I am only familiar with SQL string constructs within the Access VBA environment, but there have been instances where we wanted to ensure a specific date format - this is the string we used:

strSql = strSql & " WHERE OrderDate = #" & Format(OrderDate, "DD MMM YYYY") & "# "

Hope this helps!

[Allan Murphy]

I am not familar with .NET or SQl but I can offer a solution that works in Access using VBA.

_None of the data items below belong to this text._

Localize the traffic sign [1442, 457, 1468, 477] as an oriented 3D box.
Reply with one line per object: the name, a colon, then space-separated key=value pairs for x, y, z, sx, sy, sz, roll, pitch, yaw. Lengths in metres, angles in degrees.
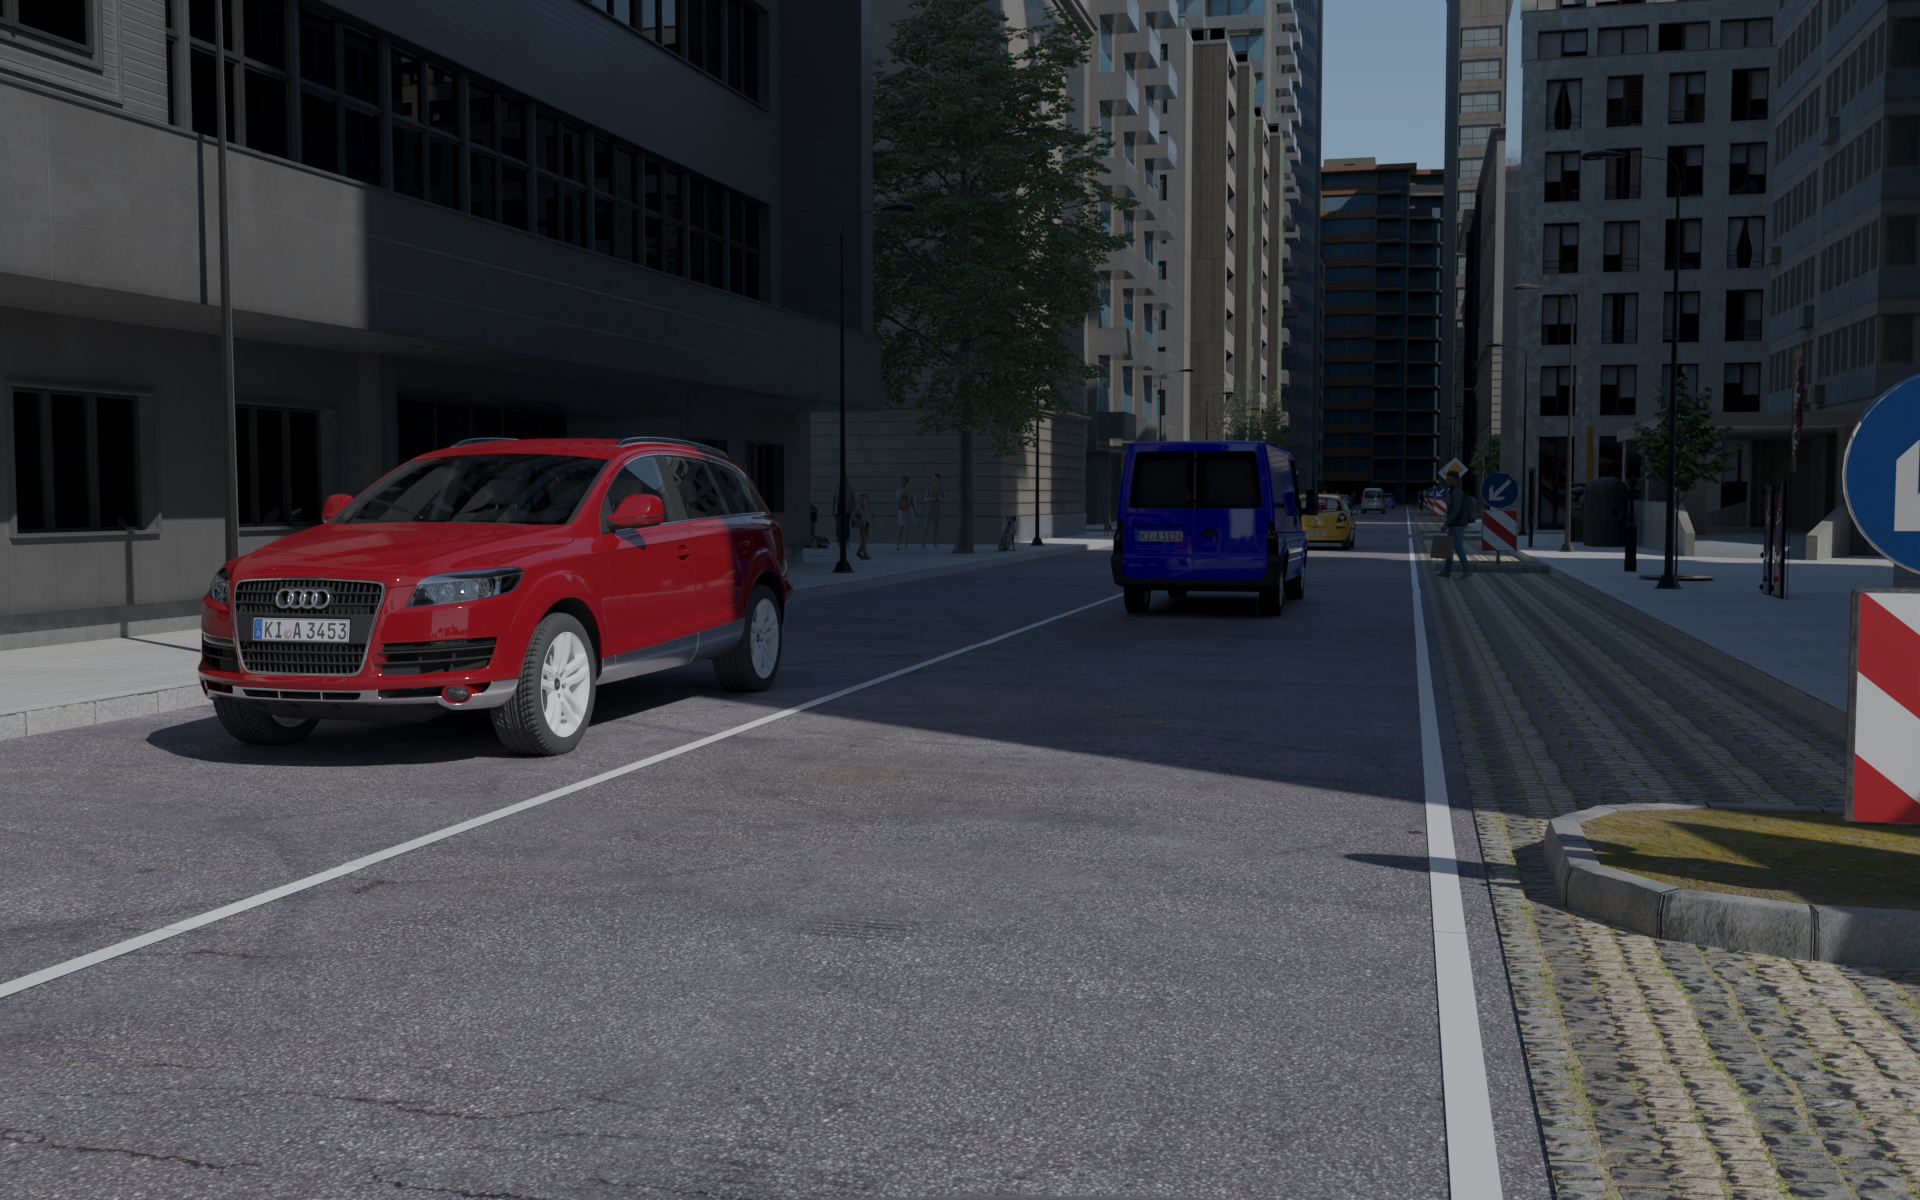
traffic sign: x=15.569 y=-3.195 z=54.421 sx=0.795 sy=2.593 sz=0.064 roll=1 pitch=4 yaw=14

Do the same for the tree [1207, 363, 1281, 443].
tree: x=15.903 y=-9.047 z=98.276 sx=4.360 sy=8.622 sz=3.978 roll=0 pitch=3 yaw=0

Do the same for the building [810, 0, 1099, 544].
building: x=-13.633 y=-14.372 z=54.066 sx=34.723 sy=24.649 sz=14.460 roll=1 pitch=4 yaw=14

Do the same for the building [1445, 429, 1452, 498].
building: x=57.784 y=-51.885 z=160.997 sx=22.319 sy=86.520 sz=31.000 roll=1 pitch=4 yaw=14

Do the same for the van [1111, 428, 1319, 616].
van: x=3.345 y=-1.090 z=22.205 sx=2.240 sy=2.365 sz=5.245 roll=1 pitch=4 yaw=15

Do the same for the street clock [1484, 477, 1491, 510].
street clock: x=22.007 y=-4.135 z=72.172 sx=0.471 sy=2.002 sz=0.358 roll=-3 pitch=5 yaw=-43

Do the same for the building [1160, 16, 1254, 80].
building: x=10.917 y=-20.667 z=109.601 sx=14.160 sy=30.474 sz=14.107 roll=1 pitch=4 yaw=14

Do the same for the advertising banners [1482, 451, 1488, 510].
advertising banners: x=20.994 y=-4.466 z=69.211 sx=0.090 sy=3.025 sz=2.074 roll=1 pitch=4 yaw=11

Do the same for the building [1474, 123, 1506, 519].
building: x=32.030 y=-14.715 z=89.747 sx=9.793 sy=20.994 sz=18.267 roll=1 pitch=4 yaw=14

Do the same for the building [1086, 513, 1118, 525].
building: x=-1.934 y=-28.227 z=81.123 sx=23.786 sy=49.044 sz=30.456 roll=1 pitch=4 yaw=14

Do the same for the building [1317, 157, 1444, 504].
building: x=50.487 y=-35.104 z=228.580 sx=28.867 sy=44.769 sz=22.147 roll=1 pitch=4 yaw=14

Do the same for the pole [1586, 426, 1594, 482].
pole: x=19.033 y=-3.579 z=52.359 sx=0.158 sy=3.312 sz=0.155 roll=0 pitch=3 yaw=0

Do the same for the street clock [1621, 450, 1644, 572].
street clock: x=11.113 y=-1.473 z=28.656 sx=0.358 sy=2.002 sz=0.471 roll=1 pitch=4 yaw=17

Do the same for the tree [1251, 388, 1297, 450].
tree: x=21.401 y=-10.387 z=120.193 sx=4.737 sy=8.622 sz=4.395 roll=0 pitch=3 yaw=0

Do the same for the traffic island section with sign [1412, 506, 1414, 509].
traffic island section with sign: x=30.606 y=-6.367 z=112.724 sx=1.989 sy=1.847 sz=2.006 roll=1 pitch=4 yaw=14

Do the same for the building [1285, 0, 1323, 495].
building: x=26.636 y=-39.192 z=182.785 sx=21.231 sy=58.520 sz=28.212 roll=1 pitch=4 yaw=14

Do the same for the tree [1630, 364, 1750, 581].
tree: x=10.848 y=-1.908 z=25.803 sx=1.663 sy=3.219 sz=1.824 roll=0 pitch=3 yaw=0

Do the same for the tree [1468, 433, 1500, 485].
tree: x=25.145 y=-5.890 z=80.009 sx=4.285 sy=4.588 sz=4.351 roll=0 pitch=3 yaw=0

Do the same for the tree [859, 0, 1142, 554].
tree: x=0.031 y=-7.307 z=37.596 sx=7.486 sy=12.596 sz=7.792 roll=0 pitch=3 yaw=0

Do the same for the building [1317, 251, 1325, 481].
building: x=36.041 y=-26.563 z=206.002 sx=14.107 sy=30.474 sz=14.160 roll=1 pitch=4 yaw=14

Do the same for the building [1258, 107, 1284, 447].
building: x=16.780 y=-21.968 z=130.880 sx=14.160 sy=30.474 sz=14.107 roll=1 pitch=4 yaw=14

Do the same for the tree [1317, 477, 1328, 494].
tree: x=40.850 y=-12.378 z=196.976 sx=1.663 sy=3.219 sz=1.824 roll=0 pitch=3 yaw=0

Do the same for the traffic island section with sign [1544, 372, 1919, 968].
traffic island section with sign: x=3.155 y=0.154 z=6.104 sx=1.989 sy=1.847 sz=2.006 roll=1 pitch=4 yaw=14

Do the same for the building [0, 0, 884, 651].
building: x=-11.853 y=-12.234 z=19.088 sx=14.314 sy=24.678 sz=30.058 roll=1 pitch=4 yaw=14

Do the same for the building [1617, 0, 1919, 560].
building: x=32.183 y=-21.106 z=36.959 sx=32.217 sy=40.220 sz=23.993 roll=1 pitch=4 yaw=14

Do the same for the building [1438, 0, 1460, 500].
building: x=64.111 y=-39.690 z=190.928 sx=21.231 sy=58.520 sz=28.212 roll=1 pitch=4 yaw=14

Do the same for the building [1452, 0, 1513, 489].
building: x=47.774 y=-28.020 z=141.715 sx=14.154 sy=41.232 sz=14.086 roll=1 pitch=4 yaw=14

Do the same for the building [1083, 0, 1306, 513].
building: x=18.526 y=-32.716 z=154.507 sx=23.786 sy=49.044 sz=30.456 roll=1 pitch=4 yaw=14

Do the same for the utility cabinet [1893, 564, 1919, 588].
utility cabinet: x=11.932 y=-0.753 z=20.983 sx=0.318 sy=1.500 sz=1.173 roll=-1 pitch=4 yaw=-19

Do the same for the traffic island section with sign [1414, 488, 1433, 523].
traffic island section with sign: x=23.845 y=-4.761 z=86.473 sx=1.989 sy=1.847 sz=2.006 roll=1 pitch=4 yaw=14

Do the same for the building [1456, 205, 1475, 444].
building: x=41.172 y=-18.009 z=123.332 sx=11.050 sy=23.489 sz=19.941 roll=1 pitch=4 yaw=14

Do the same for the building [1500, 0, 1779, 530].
building: x=29.131 y=-12.792 z=63.907 sx=16.860 sy=20.320 sz=10.420 roll=1 pitch=4 yaw=14

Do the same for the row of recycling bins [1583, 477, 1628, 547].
row of recycling bins: x=16.208 y=-2.230 z=43.566 sx=1.069 sy=1.692 sz=3.534 roll=1 pitch=4 yaw=18

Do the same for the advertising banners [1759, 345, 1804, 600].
advertising banners: x=10.124 y=-1.538 z=21.339 sx=0.090 sy=3.025 sz=2.074 roll=1 pitch=4 yaw=15

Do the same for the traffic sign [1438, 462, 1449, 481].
traffic sign: x=17.560 y=-3.668 z=62.154 sx=0.795 sy=2.593 sz=0.064 roll=1 pitch=4 yaw=14

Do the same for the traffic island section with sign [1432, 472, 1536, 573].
traffic island section with sign: x=9.876 y=-1.442 z=32.211 sx=1.989 sy=1.847 sz=2.006 roll=1 pitch=4 yaw=14

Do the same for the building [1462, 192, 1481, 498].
building: x=37.485 y=-16.891 z=105.847 sx=12.332 sy=23.373 sz=15.834 roll=1 pitch=4 yaw=14

Access has a function called MID that is used to return a Variant (String) containing a specified number of characters from a string.
Mid(string, start[, length])
string is the string from which the characters are to be returned, start is the starting position in the string and length is how many charcters to be returned.


In the coding below using
date_input as 2007-01-31 8:33:19.000
date_out becomes 31/01/2007

function date_out( date_input) as date
Dim date_input As String
Dim date_out As Date
Dim year_out As String
Dim month_out As String
Dim day_out As String

' extract the year
year_out = Mid(date_input, 1, 4)

' extract the month
month_out = Mid(date_input, 6, 2)

' extract the day
day_out = Mid(date_input, 9, 2)

' join the day, month and year to give 31/01/2007 using the
' sample date date_input
date_out = day_out & "/" & month_out & "/" & year_out

End function